* **WHAT YOU ARE ASKED TO DO**: Lines that contain "Dash" are to be copied from the material, every one of them.

* **GIVEN INFORMATION**:
- Opening Delimiter -

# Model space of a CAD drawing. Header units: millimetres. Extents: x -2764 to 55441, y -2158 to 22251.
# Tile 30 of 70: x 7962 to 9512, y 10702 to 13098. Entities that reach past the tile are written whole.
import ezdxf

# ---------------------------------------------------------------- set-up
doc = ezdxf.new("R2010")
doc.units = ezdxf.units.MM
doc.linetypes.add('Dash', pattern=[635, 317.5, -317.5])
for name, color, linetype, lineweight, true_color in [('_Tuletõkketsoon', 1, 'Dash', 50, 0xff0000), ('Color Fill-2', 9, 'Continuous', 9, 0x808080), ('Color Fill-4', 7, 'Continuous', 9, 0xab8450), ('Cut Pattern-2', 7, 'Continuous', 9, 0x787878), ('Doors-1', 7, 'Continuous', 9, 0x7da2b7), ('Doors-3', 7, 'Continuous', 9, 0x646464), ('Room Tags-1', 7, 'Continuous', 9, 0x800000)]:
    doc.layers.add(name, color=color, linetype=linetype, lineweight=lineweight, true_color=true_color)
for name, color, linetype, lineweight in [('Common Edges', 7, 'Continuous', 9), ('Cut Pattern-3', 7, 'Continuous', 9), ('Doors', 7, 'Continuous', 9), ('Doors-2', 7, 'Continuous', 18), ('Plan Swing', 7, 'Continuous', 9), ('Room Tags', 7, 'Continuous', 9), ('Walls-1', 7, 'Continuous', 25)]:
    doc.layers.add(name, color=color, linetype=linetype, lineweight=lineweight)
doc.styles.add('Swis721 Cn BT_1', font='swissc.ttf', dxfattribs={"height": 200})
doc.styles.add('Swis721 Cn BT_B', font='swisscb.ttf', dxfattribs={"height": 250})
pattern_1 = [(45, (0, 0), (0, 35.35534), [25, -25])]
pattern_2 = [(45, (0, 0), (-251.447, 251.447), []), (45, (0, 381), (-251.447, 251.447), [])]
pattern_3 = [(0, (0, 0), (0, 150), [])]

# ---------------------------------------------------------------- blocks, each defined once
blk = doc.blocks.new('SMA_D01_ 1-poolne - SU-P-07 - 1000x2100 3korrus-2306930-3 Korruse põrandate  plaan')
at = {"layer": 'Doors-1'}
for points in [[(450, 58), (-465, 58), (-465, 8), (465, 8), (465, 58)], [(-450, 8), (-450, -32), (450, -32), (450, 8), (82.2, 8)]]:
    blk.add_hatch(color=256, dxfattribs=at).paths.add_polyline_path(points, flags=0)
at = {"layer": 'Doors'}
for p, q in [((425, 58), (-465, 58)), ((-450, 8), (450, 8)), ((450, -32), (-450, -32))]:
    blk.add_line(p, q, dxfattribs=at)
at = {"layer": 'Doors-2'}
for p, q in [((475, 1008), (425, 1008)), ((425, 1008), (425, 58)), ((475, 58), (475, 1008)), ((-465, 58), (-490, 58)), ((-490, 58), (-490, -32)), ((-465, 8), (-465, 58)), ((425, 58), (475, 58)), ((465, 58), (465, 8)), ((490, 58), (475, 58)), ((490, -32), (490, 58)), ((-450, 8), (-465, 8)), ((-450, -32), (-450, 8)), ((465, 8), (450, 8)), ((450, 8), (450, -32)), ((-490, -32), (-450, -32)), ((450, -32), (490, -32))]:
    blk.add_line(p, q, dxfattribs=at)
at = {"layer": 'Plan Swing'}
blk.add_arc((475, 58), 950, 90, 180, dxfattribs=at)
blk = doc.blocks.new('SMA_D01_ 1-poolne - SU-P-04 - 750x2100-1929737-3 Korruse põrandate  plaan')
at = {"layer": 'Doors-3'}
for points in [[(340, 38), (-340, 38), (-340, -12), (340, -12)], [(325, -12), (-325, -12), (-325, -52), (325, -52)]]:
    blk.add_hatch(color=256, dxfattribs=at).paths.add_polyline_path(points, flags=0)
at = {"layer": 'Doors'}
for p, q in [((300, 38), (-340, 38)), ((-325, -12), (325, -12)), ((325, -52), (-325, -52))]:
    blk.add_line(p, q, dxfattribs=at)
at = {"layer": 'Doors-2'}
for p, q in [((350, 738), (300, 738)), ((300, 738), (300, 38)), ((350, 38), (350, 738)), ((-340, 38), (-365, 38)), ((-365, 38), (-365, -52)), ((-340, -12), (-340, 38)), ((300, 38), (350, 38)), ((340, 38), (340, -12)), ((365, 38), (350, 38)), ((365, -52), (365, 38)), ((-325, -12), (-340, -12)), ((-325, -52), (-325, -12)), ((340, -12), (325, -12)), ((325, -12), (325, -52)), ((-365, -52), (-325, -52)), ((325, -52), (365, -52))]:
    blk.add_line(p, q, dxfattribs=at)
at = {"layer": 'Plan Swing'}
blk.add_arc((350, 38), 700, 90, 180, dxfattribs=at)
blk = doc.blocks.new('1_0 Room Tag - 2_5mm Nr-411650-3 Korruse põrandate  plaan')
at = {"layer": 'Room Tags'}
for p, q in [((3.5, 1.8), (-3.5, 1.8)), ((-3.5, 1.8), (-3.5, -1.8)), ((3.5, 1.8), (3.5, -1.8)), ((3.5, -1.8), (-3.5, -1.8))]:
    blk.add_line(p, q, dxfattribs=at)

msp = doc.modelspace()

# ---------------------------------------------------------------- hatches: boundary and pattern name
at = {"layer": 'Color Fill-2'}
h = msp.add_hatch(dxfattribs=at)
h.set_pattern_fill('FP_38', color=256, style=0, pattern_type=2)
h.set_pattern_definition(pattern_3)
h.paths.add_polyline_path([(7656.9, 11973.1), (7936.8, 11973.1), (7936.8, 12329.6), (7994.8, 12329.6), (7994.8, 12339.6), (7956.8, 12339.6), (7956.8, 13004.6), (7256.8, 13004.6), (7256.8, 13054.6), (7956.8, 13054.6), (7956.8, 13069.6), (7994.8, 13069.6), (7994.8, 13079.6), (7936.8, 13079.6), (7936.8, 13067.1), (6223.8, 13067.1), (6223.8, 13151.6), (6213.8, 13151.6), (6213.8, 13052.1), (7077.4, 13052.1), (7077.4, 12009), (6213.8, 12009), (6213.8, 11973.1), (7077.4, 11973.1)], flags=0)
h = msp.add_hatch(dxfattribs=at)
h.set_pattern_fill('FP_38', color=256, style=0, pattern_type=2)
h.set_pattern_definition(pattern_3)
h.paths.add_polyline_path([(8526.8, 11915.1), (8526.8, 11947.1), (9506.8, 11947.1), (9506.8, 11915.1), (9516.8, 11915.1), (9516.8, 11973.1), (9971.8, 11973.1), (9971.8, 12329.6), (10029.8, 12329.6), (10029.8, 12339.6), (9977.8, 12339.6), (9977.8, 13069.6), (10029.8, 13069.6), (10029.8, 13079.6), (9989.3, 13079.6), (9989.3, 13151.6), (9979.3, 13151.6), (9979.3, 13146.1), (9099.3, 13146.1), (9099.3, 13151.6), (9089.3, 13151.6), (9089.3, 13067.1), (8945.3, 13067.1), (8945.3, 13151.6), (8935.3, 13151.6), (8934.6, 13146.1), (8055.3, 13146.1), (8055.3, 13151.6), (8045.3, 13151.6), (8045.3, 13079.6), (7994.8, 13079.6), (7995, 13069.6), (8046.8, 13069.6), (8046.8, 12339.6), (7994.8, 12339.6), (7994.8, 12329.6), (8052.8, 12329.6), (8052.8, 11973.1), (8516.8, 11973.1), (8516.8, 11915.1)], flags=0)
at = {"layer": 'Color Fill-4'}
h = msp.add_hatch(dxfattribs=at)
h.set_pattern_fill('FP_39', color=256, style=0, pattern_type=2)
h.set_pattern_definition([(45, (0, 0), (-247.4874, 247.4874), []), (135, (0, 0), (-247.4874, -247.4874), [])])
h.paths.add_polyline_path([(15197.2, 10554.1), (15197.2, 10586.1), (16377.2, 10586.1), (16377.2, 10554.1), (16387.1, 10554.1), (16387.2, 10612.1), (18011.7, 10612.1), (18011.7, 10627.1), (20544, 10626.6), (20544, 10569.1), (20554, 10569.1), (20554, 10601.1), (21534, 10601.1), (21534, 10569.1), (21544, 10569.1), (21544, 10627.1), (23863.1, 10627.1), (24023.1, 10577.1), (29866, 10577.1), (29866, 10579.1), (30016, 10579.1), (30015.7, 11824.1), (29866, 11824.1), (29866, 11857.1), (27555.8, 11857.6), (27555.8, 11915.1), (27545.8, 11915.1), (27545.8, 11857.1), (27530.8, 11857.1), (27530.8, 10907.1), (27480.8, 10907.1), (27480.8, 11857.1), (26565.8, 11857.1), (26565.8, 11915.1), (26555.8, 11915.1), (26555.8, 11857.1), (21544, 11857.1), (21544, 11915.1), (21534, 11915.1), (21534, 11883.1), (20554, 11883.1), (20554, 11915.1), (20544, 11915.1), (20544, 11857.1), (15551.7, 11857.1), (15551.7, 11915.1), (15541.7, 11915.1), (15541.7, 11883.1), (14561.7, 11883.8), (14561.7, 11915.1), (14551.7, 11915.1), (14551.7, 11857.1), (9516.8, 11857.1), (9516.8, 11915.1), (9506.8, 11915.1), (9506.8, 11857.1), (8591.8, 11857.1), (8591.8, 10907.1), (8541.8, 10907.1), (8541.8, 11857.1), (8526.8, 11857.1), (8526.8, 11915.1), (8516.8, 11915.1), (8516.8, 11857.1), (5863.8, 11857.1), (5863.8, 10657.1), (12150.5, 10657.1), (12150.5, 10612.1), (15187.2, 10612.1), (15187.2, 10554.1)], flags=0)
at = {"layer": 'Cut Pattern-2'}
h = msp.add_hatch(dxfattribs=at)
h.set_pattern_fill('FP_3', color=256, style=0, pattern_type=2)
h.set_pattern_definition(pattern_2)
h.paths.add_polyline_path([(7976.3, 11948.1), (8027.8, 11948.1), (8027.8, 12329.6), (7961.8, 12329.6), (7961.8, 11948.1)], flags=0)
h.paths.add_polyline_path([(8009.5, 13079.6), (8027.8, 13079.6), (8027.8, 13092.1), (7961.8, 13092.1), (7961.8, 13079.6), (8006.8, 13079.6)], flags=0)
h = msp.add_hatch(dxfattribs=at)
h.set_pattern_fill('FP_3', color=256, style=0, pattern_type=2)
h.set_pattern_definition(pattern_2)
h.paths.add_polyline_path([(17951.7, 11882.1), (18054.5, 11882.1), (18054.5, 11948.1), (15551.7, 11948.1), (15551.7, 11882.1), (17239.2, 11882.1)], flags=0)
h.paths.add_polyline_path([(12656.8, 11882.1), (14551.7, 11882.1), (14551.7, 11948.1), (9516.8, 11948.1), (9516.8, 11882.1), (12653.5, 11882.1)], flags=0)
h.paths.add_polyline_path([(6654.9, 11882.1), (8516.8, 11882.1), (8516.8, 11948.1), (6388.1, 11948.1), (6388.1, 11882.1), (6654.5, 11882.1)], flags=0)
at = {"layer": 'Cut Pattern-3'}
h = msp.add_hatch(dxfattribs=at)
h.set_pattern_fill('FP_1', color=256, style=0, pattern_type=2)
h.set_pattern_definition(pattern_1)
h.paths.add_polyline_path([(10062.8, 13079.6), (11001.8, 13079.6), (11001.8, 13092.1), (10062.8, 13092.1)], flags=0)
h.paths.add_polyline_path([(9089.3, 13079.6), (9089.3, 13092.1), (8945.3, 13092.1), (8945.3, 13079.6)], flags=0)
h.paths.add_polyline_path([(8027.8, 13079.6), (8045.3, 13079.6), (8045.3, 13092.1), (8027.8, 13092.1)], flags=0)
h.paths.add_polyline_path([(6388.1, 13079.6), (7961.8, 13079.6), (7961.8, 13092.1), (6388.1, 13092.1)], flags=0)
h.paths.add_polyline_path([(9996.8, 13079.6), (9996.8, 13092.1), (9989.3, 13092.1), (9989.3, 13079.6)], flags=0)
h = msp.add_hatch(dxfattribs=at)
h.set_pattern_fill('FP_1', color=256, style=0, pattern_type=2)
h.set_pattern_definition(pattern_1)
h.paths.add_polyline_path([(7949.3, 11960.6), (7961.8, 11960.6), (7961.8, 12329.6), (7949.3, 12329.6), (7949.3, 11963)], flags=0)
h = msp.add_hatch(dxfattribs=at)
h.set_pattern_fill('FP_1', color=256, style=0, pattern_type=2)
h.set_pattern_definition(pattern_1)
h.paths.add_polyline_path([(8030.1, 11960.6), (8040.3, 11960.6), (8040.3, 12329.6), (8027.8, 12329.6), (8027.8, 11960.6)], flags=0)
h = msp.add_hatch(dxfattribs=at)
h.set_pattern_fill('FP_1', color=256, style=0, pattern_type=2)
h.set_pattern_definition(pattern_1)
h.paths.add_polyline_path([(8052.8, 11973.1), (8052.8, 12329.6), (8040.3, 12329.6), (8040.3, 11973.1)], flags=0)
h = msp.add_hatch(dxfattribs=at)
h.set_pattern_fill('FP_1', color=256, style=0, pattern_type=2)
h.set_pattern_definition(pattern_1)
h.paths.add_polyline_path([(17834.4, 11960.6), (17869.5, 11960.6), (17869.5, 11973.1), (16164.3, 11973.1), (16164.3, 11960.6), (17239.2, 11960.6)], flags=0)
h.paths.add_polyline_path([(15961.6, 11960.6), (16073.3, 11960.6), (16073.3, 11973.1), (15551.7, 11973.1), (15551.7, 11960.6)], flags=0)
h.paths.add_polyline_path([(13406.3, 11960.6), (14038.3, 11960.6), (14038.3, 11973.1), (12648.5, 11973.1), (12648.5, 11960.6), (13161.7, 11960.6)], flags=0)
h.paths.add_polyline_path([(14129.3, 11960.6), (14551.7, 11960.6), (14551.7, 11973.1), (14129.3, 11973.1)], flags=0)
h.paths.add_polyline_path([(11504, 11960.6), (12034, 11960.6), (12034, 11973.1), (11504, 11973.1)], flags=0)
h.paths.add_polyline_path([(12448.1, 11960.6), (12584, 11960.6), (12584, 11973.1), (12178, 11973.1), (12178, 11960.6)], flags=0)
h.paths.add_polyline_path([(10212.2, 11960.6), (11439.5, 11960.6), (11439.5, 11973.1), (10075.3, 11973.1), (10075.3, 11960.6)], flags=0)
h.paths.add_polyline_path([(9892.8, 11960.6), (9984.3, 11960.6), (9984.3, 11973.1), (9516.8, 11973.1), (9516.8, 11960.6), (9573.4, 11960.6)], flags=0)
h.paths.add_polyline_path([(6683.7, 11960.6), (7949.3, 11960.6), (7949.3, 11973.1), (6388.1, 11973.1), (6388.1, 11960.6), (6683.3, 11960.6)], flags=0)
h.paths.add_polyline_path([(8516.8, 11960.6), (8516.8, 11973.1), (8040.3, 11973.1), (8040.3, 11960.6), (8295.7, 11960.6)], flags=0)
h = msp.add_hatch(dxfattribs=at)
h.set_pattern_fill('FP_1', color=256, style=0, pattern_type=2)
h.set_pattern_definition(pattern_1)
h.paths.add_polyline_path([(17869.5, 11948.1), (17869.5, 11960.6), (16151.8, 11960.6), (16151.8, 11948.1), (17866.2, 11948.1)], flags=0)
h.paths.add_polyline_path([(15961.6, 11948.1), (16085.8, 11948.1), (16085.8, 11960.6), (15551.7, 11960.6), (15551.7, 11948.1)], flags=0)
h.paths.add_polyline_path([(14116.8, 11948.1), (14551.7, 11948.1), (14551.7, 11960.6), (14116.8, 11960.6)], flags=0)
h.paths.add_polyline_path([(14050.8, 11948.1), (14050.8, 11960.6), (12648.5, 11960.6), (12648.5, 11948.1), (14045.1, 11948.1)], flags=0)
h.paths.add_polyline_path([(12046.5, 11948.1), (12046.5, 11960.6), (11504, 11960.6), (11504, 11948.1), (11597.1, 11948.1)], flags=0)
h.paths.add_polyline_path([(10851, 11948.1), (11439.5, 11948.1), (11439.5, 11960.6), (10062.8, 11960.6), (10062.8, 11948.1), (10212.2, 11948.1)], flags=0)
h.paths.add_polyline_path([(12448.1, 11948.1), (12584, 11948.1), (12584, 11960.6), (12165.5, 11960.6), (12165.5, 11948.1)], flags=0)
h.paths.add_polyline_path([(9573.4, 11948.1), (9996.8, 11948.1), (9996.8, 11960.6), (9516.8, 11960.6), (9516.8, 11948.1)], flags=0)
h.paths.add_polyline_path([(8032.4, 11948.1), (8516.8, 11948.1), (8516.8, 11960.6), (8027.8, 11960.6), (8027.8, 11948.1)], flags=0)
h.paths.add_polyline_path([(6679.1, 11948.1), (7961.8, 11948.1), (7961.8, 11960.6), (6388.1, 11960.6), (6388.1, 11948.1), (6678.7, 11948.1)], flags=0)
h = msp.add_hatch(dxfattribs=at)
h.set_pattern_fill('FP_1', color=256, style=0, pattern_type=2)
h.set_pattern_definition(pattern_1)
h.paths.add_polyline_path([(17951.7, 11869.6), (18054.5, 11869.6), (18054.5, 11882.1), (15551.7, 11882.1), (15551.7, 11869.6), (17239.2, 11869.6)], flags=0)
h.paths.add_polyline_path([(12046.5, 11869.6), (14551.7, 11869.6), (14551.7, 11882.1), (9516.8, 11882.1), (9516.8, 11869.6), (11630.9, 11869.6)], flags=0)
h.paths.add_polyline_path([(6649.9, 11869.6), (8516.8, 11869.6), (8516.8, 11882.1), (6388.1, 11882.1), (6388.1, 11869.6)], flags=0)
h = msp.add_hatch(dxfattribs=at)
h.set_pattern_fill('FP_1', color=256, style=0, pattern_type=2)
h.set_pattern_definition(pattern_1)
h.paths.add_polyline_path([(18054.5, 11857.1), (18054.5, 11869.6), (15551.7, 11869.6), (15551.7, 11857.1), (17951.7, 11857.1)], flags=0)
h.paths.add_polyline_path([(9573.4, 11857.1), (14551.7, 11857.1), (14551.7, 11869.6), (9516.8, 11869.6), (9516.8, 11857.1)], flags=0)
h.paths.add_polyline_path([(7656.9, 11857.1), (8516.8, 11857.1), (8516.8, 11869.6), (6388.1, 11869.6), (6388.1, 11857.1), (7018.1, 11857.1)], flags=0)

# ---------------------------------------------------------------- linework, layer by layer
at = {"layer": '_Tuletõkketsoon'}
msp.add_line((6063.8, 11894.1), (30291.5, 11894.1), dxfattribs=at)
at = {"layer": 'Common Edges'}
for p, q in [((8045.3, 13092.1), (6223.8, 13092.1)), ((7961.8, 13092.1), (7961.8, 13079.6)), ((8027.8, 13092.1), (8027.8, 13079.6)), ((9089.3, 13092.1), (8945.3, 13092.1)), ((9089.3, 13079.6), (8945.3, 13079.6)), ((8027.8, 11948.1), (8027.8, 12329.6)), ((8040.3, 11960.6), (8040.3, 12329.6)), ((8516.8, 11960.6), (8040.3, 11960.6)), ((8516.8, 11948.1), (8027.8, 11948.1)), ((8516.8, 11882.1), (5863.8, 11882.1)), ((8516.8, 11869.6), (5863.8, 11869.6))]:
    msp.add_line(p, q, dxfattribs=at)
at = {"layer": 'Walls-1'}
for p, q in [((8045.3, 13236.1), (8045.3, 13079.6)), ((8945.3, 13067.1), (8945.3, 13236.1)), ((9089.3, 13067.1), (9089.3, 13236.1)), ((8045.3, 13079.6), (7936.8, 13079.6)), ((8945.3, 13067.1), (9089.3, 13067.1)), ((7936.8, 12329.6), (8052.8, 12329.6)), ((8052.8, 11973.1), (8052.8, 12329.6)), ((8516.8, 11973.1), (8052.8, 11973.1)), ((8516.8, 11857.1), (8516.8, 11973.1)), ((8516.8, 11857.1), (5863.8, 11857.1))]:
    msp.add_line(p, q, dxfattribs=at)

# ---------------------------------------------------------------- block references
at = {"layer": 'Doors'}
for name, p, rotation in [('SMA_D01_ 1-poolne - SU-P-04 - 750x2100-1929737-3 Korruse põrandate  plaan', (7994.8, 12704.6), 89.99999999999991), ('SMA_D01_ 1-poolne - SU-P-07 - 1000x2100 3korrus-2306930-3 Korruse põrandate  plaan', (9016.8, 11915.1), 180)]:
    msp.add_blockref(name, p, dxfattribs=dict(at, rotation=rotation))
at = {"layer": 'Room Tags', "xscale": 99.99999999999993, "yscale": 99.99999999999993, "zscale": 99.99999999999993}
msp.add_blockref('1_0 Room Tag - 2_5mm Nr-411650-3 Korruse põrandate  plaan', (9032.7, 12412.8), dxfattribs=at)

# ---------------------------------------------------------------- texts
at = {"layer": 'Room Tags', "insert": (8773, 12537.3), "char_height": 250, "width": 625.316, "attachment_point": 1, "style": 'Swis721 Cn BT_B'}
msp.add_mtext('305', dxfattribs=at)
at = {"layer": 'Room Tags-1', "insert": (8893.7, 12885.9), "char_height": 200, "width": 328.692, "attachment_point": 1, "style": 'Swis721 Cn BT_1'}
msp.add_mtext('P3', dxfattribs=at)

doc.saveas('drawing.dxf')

- Closing Delimiter -

* **TASK RESULT**:
doc.linetypes.add('Dash', pattern=[635, 317.5, -317.5])
for name, color, linetype, lineweight, true_color in [('_Tuletõkketsoon', 1, 'Dash', 50, 0xff0000), ('Color Fill-2', 9, 'Continuous', 9, 0x808080), ('Color Fill-4', 7, 'Continuous', 9, 0xab8450), ('Cut Pattern-2', 7, 'Continuous', 9, 0x787878), ('Doors-1', 7, 'Continuous', 9, 0x7da2b7), ('Doors-3', 7, 'Continuous', 9, 0x646464), ('Room Tags-1', 7, 'Continuous', 9, 0x800000)]:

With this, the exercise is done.